[Data entries]
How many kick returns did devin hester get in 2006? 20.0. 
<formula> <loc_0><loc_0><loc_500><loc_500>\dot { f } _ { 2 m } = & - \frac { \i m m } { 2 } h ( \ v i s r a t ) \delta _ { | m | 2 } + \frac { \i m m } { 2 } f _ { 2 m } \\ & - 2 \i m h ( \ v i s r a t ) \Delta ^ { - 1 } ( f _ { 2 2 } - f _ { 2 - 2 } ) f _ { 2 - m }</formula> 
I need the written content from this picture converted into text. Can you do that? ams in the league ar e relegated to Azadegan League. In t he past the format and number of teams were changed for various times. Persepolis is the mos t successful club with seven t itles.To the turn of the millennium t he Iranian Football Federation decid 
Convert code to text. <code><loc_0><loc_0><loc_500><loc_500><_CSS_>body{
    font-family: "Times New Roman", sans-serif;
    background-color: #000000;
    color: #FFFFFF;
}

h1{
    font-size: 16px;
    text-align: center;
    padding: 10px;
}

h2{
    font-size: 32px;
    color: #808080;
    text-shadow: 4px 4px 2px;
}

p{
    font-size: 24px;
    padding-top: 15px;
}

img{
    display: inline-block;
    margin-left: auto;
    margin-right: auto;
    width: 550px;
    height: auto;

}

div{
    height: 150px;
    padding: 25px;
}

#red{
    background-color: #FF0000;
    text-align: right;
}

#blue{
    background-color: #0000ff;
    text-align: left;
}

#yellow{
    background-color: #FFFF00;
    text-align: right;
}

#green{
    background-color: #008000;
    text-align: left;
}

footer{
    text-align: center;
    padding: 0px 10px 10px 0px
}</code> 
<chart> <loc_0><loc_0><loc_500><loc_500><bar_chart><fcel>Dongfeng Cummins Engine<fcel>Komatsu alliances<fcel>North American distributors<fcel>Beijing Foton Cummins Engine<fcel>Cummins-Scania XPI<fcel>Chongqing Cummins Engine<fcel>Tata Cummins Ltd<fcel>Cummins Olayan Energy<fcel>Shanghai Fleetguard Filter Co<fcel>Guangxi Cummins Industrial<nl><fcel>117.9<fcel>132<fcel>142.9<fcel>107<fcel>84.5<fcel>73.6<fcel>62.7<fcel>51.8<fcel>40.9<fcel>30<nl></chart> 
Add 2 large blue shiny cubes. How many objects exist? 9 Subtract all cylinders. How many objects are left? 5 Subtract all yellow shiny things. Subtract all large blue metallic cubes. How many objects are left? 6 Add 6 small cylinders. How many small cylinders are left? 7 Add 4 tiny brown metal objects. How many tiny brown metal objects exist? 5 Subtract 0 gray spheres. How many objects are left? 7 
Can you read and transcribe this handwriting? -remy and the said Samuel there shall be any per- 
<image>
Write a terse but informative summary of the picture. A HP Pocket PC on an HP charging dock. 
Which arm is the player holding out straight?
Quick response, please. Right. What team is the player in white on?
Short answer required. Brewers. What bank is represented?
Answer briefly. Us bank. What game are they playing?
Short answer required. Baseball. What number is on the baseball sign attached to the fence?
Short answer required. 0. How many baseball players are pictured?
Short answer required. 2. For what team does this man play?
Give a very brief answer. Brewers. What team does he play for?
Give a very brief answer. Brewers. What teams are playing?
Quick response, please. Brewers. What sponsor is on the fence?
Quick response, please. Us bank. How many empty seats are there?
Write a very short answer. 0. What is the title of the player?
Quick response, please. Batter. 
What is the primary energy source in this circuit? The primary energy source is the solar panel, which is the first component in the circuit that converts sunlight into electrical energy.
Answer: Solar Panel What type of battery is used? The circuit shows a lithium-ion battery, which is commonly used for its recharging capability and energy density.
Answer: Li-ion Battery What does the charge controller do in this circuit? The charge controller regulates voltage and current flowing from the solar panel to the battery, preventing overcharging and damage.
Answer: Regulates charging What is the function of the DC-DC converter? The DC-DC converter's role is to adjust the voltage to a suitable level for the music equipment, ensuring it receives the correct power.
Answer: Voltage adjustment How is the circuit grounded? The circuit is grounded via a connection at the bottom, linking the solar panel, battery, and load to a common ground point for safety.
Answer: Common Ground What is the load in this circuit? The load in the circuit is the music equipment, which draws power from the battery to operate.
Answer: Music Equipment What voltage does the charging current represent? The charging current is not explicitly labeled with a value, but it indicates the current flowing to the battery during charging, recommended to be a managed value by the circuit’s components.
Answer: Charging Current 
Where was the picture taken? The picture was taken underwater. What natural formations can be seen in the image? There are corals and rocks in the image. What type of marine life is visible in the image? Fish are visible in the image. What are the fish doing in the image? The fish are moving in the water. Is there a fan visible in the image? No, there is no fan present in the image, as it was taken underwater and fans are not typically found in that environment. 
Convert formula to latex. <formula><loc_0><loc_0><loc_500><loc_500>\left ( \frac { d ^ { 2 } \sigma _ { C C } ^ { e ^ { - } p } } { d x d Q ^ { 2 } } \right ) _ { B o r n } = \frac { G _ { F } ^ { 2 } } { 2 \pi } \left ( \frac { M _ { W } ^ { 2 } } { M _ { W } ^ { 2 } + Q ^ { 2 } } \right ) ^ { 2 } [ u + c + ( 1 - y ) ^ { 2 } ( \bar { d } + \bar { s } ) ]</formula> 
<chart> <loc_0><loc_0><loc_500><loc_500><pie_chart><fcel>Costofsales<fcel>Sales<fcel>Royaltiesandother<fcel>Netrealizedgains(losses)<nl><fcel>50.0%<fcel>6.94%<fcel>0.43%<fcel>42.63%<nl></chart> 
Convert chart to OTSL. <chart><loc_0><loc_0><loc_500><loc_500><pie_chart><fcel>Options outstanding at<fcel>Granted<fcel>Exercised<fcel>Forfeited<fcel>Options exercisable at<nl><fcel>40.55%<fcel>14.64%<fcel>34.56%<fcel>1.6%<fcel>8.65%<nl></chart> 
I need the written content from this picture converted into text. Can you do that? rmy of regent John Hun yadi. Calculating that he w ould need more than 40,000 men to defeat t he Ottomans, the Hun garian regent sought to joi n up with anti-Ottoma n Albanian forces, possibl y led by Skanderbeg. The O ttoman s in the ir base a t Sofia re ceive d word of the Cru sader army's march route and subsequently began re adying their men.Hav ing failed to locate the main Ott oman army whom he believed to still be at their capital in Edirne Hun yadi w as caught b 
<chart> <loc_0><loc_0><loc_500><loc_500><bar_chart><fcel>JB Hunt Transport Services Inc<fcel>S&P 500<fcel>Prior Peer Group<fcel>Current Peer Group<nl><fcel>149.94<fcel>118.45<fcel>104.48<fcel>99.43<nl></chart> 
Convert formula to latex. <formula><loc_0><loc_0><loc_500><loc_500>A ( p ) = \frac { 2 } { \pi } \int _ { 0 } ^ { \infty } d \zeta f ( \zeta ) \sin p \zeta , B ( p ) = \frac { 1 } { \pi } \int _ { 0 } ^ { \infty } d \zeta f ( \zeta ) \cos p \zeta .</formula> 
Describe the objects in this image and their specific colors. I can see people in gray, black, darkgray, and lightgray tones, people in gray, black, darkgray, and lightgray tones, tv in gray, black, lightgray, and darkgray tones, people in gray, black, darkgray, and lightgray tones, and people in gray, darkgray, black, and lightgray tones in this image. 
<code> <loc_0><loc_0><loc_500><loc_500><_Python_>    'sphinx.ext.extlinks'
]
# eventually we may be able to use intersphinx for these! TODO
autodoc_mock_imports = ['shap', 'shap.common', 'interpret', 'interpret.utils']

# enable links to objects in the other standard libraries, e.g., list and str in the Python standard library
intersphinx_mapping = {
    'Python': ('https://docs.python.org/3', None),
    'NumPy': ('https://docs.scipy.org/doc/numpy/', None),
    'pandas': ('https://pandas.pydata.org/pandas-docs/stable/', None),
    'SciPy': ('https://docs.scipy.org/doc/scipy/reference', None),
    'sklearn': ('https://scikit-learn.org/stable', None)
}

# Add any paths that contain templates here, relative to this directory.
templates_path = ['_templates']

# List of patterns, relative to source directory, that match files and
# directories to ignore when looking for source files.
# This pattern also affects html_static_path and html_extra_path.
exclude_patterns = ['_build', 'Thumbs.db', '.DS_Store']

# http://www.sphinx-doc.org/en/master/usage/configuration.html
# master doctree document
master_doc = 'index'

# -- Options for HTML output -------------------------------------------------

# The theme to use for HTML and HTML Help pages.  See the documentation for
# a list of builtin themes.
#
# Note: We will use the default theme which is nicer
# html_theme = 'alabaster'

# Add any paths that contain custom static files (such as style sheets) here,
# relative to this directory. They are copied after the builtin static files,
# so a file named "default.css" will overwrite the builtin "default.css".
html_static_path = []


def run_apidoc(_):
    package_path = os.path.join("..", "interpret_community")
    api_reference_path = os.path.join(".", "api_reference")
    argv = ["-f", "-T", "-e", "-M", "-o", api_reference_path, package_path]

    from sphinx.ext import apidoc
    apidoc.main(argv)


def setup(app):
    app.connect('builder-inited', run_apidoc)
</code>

*EXERCISE OBJECTIVE*. Among the lines above, find those holding the word "power" and state how many there are, number only.

*WRITTEN SOLUTION*. 2